* Required work
Scan the records below for the line with "Assume a horizontal FOV of 60.0°." and the line with "Answer in list order.". Repeat those two lines and every line between them exactly, and nothing else.

* Extracted records

● ● ● ● ● ● ●

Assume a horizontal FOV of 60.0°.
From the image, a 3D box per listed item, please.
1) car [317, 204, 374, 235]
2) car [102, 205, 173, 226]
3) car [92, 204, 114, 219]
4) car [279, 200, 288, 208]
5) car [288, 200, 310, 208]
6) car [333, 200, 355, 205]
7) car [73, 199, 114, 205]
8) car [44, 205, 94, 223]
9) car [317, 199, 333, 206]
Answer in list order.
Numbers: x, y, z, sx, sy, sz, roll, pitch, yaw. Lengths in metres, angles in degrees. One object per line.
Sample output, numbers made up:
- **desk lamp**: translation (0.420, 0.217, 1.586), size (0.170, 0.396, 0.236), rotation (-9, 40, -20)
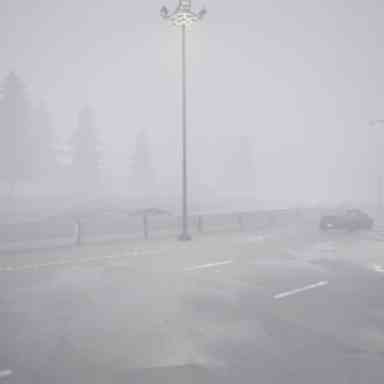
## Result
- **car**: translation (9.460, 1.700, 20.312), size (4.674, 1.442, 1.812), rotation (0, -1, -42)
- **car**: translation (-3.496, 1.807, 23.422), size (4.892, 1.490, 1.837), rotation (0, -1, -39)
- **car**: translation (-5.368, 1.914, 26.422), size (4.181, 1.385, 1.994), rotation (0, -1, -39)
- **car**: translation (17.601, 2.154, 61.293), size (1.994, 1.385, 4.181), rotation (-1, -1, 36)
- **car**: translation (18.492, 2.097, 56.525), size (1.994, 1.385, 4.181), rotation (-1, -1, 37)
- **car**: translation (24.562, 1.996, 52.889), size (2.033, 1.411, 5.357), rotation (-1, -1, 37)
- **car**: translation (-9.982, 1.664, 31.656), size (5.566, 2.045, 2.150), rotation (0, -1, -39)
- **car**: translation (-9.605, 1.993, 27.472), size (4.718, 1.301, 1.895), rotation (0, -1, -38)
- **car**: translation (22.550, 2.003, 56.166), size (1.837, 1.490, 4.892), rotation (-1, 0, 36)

● ● ● ● ● ● ●

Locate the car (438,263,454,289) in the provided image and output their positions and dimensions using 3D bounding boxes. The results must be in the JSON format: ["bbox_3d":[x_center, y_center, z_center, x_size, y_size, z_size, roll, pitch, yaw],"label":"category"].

● ● ● ● ● ● ●

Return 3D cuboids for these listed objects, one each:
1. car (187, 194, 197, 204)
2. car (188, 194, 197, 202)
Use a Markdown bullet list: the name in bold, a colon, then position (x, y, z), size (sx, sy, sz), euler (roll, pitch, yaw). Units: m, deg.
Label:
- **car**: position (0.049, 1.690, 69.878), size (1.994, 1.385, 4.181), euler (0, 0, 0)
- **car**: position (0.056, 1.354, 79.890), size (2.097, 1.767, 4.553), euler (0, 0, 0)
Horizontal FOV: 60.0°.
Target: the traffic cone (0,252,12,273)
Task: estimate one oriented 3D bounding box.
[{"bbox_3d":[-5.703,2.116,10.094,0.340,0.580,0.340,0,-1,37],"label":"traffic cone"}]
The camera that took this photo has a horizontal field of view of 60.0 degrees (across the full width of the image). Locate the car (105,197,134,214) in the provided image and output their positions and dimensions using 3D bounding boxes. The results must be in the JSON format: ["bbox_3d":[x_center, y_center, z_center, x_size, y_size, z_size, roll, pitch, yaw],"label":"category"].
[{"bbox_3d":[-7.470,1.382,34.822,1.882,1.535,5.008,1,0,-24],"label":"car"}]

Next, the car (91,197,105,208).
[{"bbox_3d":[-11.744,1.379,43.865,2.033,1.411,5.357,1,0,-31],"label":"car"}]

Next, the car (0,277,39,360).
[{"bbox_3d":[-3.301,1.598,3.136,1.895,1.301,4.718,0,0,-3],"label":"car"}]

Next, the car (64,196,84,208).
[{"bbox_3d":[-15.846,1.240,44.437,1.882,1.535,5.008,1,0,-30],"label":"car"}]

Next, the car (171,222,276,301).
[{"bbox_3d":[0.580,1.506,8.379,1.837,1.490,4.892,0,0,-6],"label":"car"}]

● ● ● ● ● ● ●

* Answer
Assume a horizontal FOV of 60.0°.
From the image, a 3D box per listed item, please.
1) car [317, 204, 374, 235]
2) car [102, 205, 173, 226]
3) car [92, 204, 114, 219]
4) car [279, 200, 288, 208]
5) car [288, 200, 310, 208]
6) car [333, 200, 355, 205]
7) car [73, 199, 114, 205]
8) car [44, 205, 94, 223]
9) car [317, 199, 333, 206]
Answer in list order.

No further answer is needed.